For any given table, the URL for the table has the following format:
API-NAME/API-VERSION/LANGUAGE/DATABASE-ID/<LEVELS>/TABLE-ID
where API-NAME
currently translates to http://api.scb.se/OV0104/
. The current version is 1, and possible languages are sv
or en
, and the DATABASE-ID
is ssd
. The depth of the number of levels depend on the requested table. So, effectively, any given table URL will have the following structure:
http://api.scb.se/OV0104/v1/sv/ssd/<LEVELS>/TABLE-ID
It's rarely obvious where the data you're looking for is actually located. For that reason, this library provides a cursor-like object which allows you to quickly jump around between the levels of the database. Once you find the table you're looking for, you're provided with a number of filters. SCB implements a limit of 100,000 rows per request so filtering is often needed.
Here's a workflow example.

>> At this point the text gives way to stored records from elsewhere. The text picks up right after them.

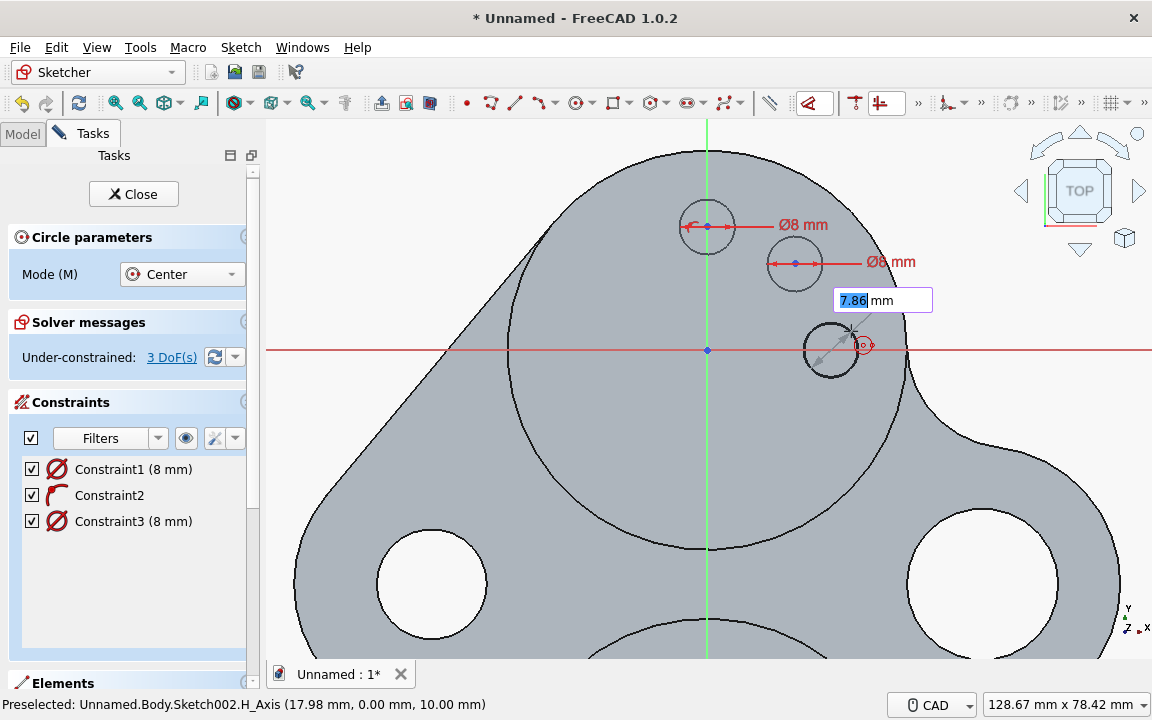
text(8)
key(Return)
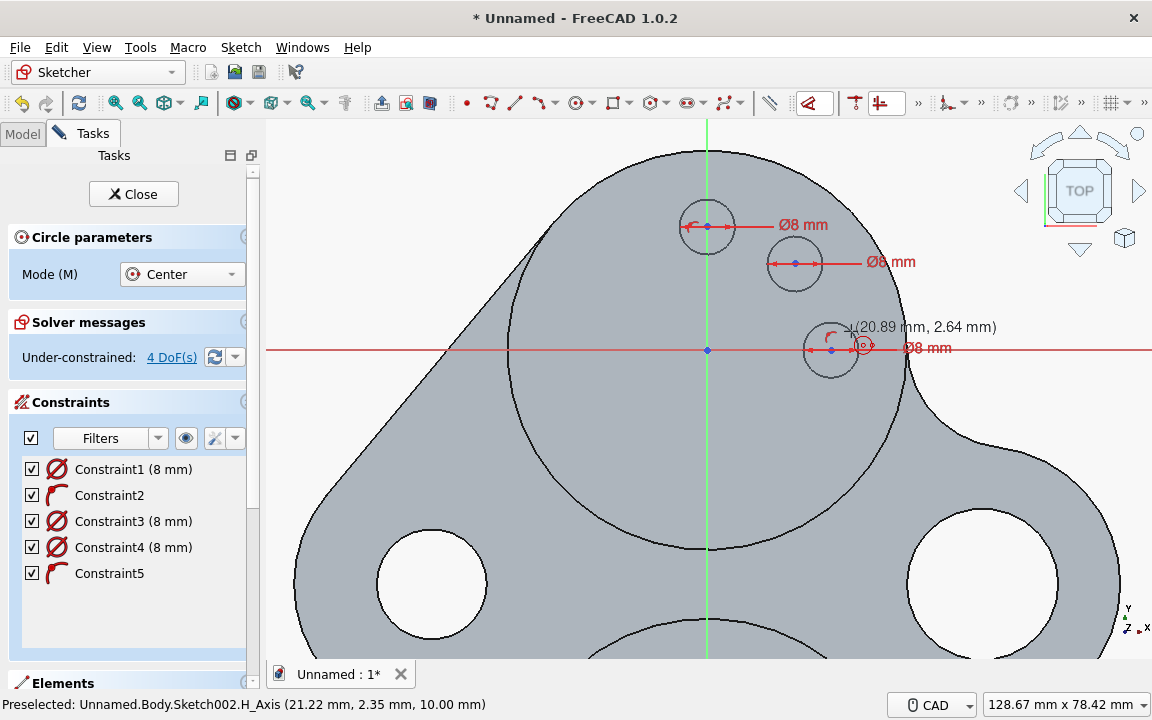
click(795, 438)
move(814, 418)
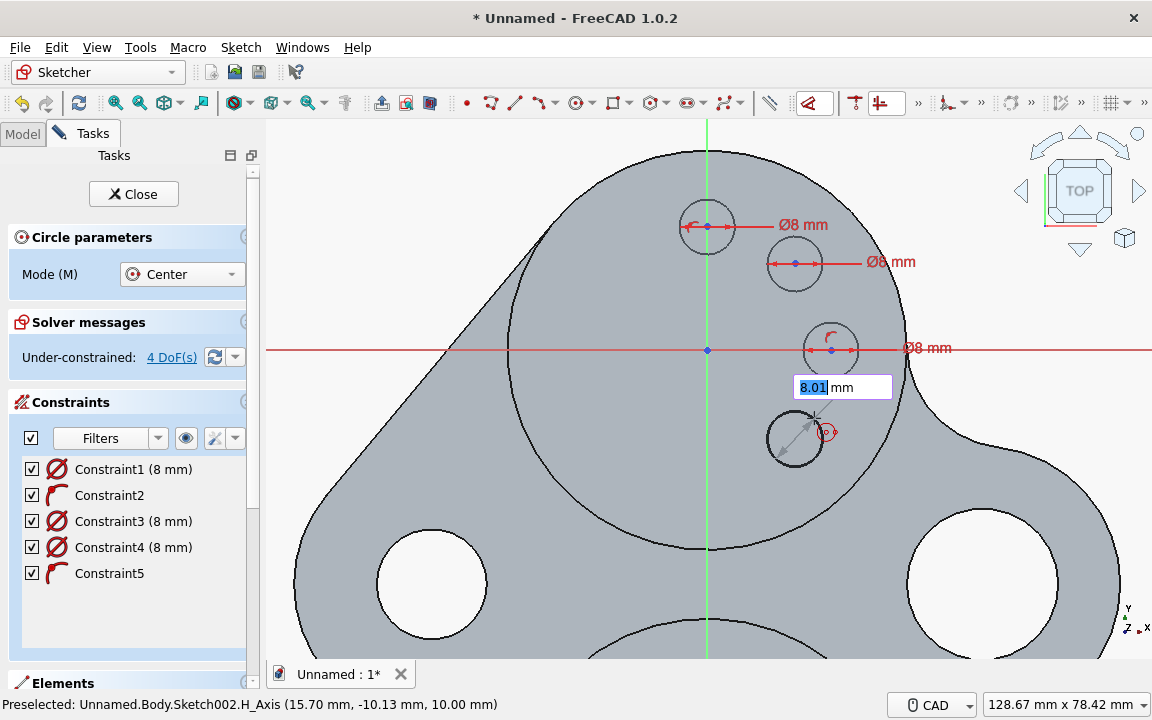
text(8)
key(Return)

Note that these operations are executed within the notebook environment.
We start by listing all the top level categories in the database. Calling the describe
method on the scb
instance outputs a nicely formatted HTML table with all the categories.
from SCB import SCB
scb = SCB('http://api.scb.se/OV0104/v1/doris/sv/ssd')
scb.describe() # outputs an HTML table
We select the top level category "Arbetsmarknad" by using the go
method on the instance and passing in the proper level id. We continue to do so until we reach our destination table.
scb.go('AM')
scb.go('AM0502')
scb.go('ArbOrsakSyssSNI2007')
At this point, scb
points to an actual table and we can call describe
to get a list of possible filters.
scb.describe() # list possible filters
scb.filter(code='Tid', kind='item', values=['2014']) # filter the results
df = scb.get() # save the data in a pandas dataframe
The actual HTTP request is not made until we call get
on the instance. Boom! From this point on df
is just your ordinary pandas dataframe. Have fun!
Just clone this repository and import the SCB module.